I wish I can say that I regret ever thinking like that or that I have some new lease on life that has allowed me to not sweat the small stuff and see the beauty in everything. Unfortunately that is just not the case.

Don’t get me wrong, I’ve come leaps and bounds from where I was a year ago and I’ve learned a lot about what I want for myself in this life and worked to try to attain it. But, that euphoria that some people talk about after they get that close is not something I experienced and I have not become unfamiliar with the darkness either. 

Over the past year my mental illness evolved into something I didn’t think it ever would. I reached some very low lows in friendships that I trusted. I got hurt...really hurt. But, none of that reached the low I reached a year ago. I’m stronger but, I’m not happier and that’s the bitter truth. 

These are the building years...or rather the rebuilding years. I’m changing my priorities in life. Rearranging people and breaking habits. Trying not to strictly rely on precedent and instead rely what feels right now. I won’t deny all the ridiculous things my mental illness has made me get upset with over the years but, I will not live by the rules my disorder gave the world.  

In reality no one knows what it’s like in my head. The fight to stay alive. The fight to not cut everyone off because they will eventually hurt me. The fight to not quit everything in my life because I will eventually fail. I cannot hold myself back any longer if I want to make this life one worth living. 

My heart aches thinking about a year ago. My heart aches thinking about what I would have missed. I would have missed a lot of good but, also a hell of a lot of pain. 

I cannot believe I survived this past year. Truly. I can’t wait until all these building blocks I’m putting together start showing some real life benefits. I’m doing all the hard work now for later. I can’t wait until later but, I’m trying to also enjoy now.

I have a cat now. Never thought I would say that. I love him for real. A fucking cat. 

I’m engaged in politics and taking steps to get more involved. My brain continues to tell me I can’t do it whether it be I’m not smart enough or I’m going to overwhelm myself. 

I’m being more intentional in my friendships, spending time with the friends who have earned my trust not just the ones who are there. 

I try not to hold myself to an unreasonable standard and give myself credit where credit is due. 

I almost gave up a year ago. And I’d be lying if I said I hadn’t thought about it since. But, I’m not giving up today. I’m choosing to stay. I even got a tattoo on my ankle that says “stay” to prove my dedication. I’m going to fight for this. Even when it feels like I’m drowning and life is impossible. I need to be patient and put in the work.
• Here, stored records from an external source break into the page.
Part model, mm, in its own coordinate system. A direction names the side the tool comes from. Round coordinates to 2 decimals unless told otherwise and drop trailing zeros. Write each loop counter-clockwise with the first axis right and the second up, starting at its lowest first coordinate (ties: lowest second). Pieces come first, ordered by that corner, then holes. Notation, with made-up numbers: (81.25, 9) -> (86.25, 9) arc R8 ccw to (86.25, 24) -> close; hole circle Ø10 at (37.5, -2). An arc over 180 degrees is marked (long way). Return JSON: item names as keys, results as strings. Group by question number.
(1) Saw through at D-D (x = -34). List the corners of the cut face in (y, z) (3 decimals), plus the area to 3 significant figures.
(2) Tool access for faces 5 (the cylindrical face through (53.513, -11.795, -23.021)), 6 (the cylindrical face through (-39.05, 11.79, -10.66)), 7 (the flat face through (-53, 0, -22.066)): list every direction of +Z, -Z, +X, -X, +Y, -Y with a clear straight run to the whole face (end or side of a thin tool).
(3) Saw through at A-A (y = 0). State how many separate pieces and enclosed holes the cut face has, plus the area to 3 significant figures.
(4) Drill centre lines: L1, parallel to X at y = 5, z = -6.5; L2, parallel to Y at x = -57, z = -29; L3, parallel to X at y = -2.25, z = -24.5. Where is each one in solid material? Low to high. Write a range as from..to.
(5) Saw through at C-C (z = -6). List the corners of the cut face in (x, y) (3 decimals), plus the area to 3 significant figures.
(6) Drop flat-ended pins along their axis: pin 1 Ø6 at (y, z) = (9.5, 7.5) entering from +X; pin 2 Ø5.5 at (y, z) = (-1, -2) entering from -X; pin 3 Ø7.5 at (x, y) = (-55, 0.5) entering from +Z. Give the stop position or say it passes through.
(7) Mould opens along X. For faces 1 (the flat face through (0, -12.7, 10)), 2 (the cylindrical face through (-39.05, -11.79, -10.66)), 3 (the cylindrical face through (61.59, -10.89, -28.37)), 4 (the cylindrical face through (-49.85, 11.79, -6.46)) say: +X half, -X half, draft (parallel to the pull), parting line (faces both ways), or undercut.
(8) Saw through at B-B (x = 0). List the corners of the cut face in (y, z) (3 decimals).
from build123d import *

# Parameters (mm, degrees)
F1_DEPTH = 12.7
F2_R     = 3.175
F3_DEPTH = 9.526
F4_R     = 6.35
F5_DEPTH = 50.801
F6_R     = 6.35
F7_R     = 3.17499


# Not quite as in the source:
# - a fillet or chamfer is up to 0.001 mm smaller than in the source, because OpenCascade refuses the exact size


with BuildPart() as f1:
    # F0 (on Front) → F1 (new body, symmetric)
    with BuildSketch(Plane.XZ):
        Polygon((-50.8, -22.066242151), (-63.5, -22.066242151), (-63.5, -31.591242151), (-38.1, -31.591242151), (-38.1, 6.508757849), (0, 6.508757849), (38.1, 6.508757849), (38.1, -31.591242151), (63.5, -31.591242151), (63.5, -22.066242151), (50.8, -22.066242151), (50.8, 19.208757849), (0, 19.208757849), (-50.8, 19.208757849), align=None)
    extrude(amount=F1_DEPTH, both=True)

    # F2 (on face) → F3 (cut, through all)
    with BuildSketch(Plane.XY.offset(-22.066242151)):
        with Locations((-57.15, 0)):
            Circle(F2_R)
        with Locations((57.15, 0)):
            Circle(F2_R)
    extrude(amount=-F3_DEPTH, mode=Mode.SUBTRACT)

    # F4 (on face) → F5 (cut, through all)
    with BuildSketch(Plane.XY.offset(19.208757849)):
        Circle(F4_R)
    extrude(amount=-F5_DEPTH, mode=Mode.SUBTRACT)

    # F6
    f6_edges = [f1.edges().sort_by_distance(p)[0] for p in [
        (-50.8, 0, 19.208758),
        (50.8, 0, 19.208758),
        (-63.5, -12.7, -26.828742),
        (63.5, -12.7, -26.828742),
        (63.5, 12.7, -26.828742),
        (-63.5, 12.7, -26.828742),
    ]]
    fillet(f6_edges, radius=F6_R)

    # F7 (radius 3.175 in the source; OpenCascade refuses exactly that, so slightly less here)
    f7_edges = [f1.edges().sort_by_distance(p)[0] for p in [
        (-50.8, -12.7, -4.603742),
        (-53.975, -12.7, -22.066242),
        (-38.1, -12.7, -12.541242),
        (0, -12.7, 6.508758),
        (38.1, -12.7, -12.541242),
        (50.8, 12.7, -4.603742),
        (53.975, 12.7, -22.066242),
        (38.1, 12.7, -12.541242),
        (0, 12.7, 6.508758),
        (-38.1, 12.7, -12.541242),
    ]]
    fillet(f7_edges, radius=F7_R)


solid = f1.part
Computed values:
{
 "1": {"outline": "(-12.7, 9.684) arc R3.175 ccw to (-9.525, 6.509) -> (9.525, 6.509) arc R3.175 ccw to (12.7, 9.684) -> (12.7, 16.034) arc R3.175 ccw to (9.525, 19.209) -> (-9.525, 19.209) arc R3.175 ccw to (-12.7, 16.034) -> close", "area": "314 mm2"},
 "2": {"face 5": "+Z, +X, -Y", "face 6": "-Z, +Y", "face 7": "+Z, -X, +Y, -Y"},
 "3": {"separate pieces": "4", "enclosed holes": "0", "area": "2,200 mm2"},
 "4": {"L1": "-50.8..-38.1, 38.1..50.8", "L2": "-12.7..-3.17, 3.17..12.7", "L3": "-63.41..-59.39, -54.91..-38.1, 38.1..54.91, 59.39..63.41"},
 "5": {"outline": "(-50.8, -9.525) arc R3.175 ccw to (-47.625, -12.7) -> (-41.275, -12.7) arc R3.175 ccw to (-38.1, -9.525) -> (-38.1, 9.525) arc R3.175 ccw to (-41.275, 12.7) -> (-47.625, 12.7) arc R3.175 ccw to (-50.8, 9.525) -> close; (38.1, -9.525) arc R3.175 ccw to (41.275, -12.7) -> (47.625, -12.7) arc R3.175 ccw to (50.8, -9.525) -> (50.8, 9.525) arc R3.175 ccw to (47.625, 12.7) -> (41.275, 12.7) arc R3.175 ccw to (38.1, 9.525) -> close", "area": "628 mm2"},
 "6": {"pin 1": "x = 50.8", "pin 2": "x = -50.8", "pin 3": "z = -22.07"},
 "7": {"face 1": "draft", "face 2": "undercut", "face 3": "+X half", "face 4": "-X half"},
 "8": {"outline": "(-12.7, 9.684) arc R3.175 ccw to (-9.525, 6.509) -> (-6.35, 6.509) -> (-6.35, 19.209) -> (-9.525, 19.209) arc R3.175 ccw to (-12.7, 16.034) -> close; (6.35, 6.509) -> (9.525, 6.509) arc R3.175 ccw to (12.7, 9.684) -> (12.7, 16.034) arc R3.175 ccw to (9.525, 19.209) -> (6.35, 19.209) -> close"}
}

Sorry if this is scatterbrained. It hurts to think about this pain. It hurts to remind myself that there will always be pain. It hurts to remind myself that I could’ve been out of pain. But, what doesn’t hurt is looking at the life I’m building. Looking at my sisters pregnant ass belly and as uncomfortable as it makes me (I have a pregnancy phobia) thinking about how I want to be a part of that life. Looking at my stupid cat and thinking about the stupid promise I made him to take a LONG life journey.  Looking at my friends like Olive, Cleo, Amelia, June, Leanne and their boyfriends and thinking that I cannot miss where these wonderful lives they are building will go. And I cannot miss meeting the people that eventually take my other incredible friends off the market…who else will grill them like me? I can’t miss any of that and I cannot leave the wake of destruction that will bulldoze through my parents life. So, I fight for them. And damn through all of the bullshit and the people that do hurt me, they are worth the fight. 

A year ago today I was the closest I’ve ever been to taking my own life. Now, I see the person I was a year ago and I commend her for fighting through that moment and I wish I could tell her it gets easier but, the levels keep getting harder...you just get better at playing the game. 

Sincerely, 

Your Strong Female Lead 


((And just a reminder you never have to do this on your own. Don’t suffer if you don’t have to. If you are in crisis text ‘Connect’ to 741-741 or call the National Suicide Prevention Lifeline at 1-800-273-8255 you deserve to be helped, you don’t deserve to suffer if you don’t have to))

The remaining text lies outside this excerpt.